The wrath of God lies sleeping. It was hid a million years before men were and only men have power to wake it. Hell ain’t half full.1
Note: following up on this foe-bitten blade, which contains examples of cursed weapons and their backstories. Here, an explanation of why The Arbiter is nothing like your Longsword +1.
Beneficial magic items typically come about through intentional enchantment. An enchantress will, say, decide what sort of magical effects she desires to imbue within an object, gather the requisite eldritch knowledge and mundane materials, and will either craft the object or saturate a pre-fabricated object with the appropriate boons. These enchanted items are nigh-always beneficial to their users, as befitting the expenditure of time, expertise, and materials required for their creation.
Very occasionally an item will be hexed, designed to cause some deleterious effect on the bearer. These are manufactured, if ever, for the injury of some remote, inaccessible, or well-protected target—the expense of routine creation quickly becomes prohibitive.2 There are far cheaper, easier ways of wishing someone ill.34
Cursed items, properly, are truly cursed rather than intentionally hexed. Tragedy, blood, and the most malign of intention can impress themselves onto the mundaneness of objects; envy, cowardice, or simple rage will do. Any sufficiently powerful or sufficiently negative emotion can quite unintentionally become imprinted on a material substrate. Such a thing becomes cursed.
As pseudo-hexes unguided by conscious intent, curses tend to replicate in effect the circumstances of their creation. Consider the man who, through derangement or demon-influence, begins thinking that his family are actually impostors, fey-felt fetches sent to torment him. He takes up his hammer and murders them in their beds. This is an act of wickedness that cries out to heaven. That hammer—regardless of the fate of the man—may become cursed. Thenceforth it will, if ever taken up again, exert a malign influence on its bearer. It may become useless for smithing, turning aside when swung in useful work; it may refuse to move in the hand if carried into combat against a dangerous foe; but it may leap to grisly work when the holder sees anyone who resembles (to whatever degree of resemblance) the slain family.
No wizard enchanted this hammer. But cursed it is, and woe betide the adventurer who plucks it up as loot.
A cursed item is likely very difficult to be rid of. Let’s think back to the creation of a magic item. An enchanted item—conveying some sort of boon—is easy to transfer. Either it has been enchanted so as to be ambivalent as to its owner, or what power it contains wants to be put to its best and highest use and ready transferability facilitates that. (An intentionally hexed item, by contrast, is probably hexed as to be unriddable by its victim.)

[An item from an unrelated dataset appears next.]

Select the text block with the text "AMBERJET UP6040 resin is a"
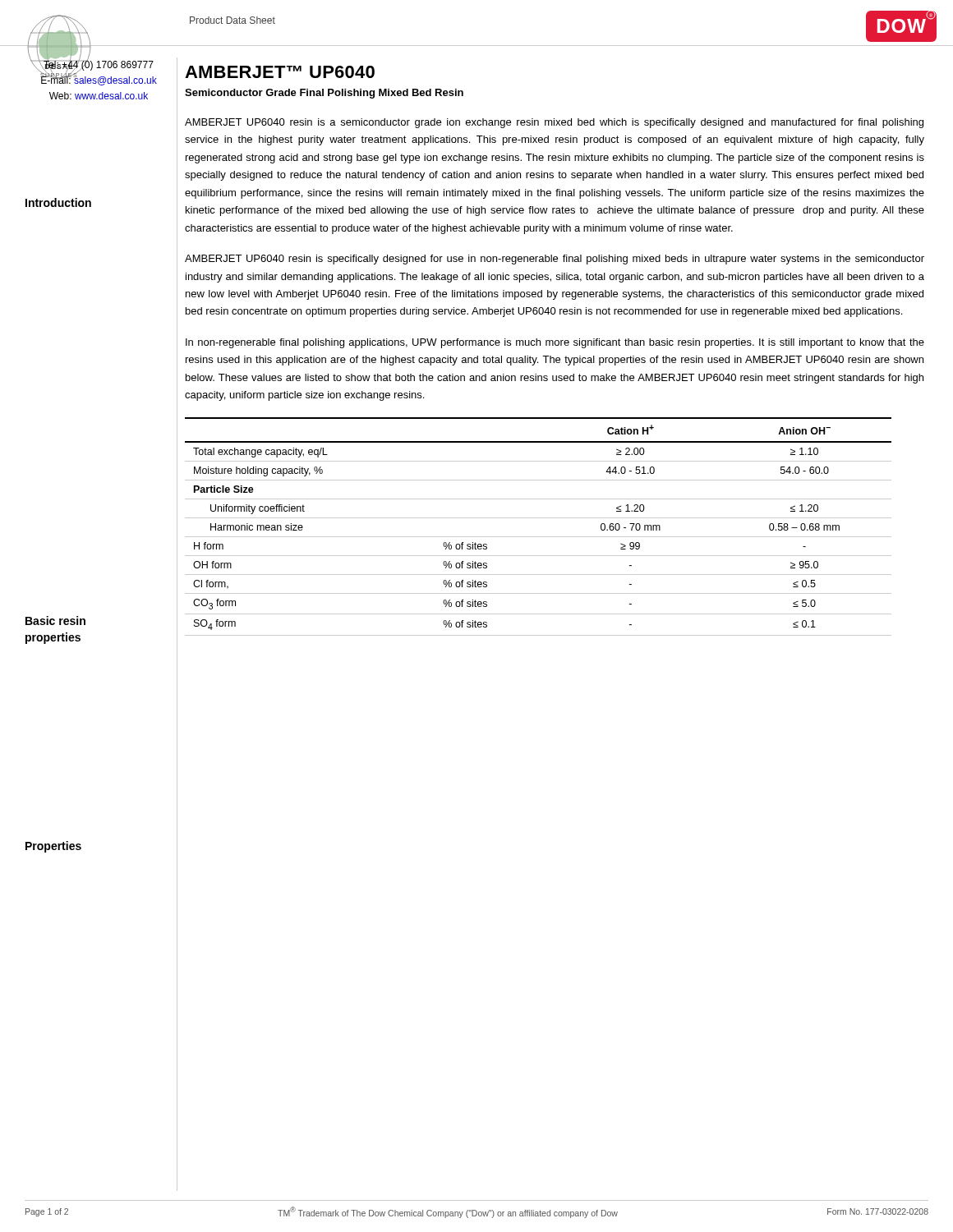click(555, 175)

But a cursed item knows in some ineffable way that it is unwanted. In the same sense that wildfire knows to spread or winter knows to be cold, the accursed thing knows that any person it touches would otherwise be likely to toss it in a bonfire or down a chasm. It does not want to let go.
How this manifests is individual to the object and the circumstances of its creation. The cursed hammer above may simply be impossible to set down, or it may reappear in hand whenever a woman or child is nearby, or it may ensorcel the bearer as to never desire to be rid of it. Another object, like the One Ring, may cause a pathological possessiveness in all who see it. Another may simply shadow a person, like an ioun stone that cannot be grasped or like a wraith-pennant forever fluttering from the head of a weapon.
There are ways of being rid of a cursed object. There are even people who make it there lives’ work to expunge the world of them. But that is the topic of another post.
Cormac McCarthy, Blood Meridian, or, the Evening Redness in the West.
Certainly nobody would ever be so foolish as to create a weapon too expensive to risk in combat.
ALL OF THE ABOVE IS A LIE. MEN ARE NOT RATIONAL ACTORS DOING COST/BENEFIT ANALYSES ON THEIR WEAPONRY EXPENDITURES. THE BEST HEXED ITEMS ARE LOVINGLY CREATED BY WIDE-EYED AND LONELY SCHIZOSMITH OBSESSIVES WEAVING SHITMAGIC INTO THINGS WHILE JERKING OFF OVER THE TARGETS OF THEIR WONDROUS FASCINATIONS.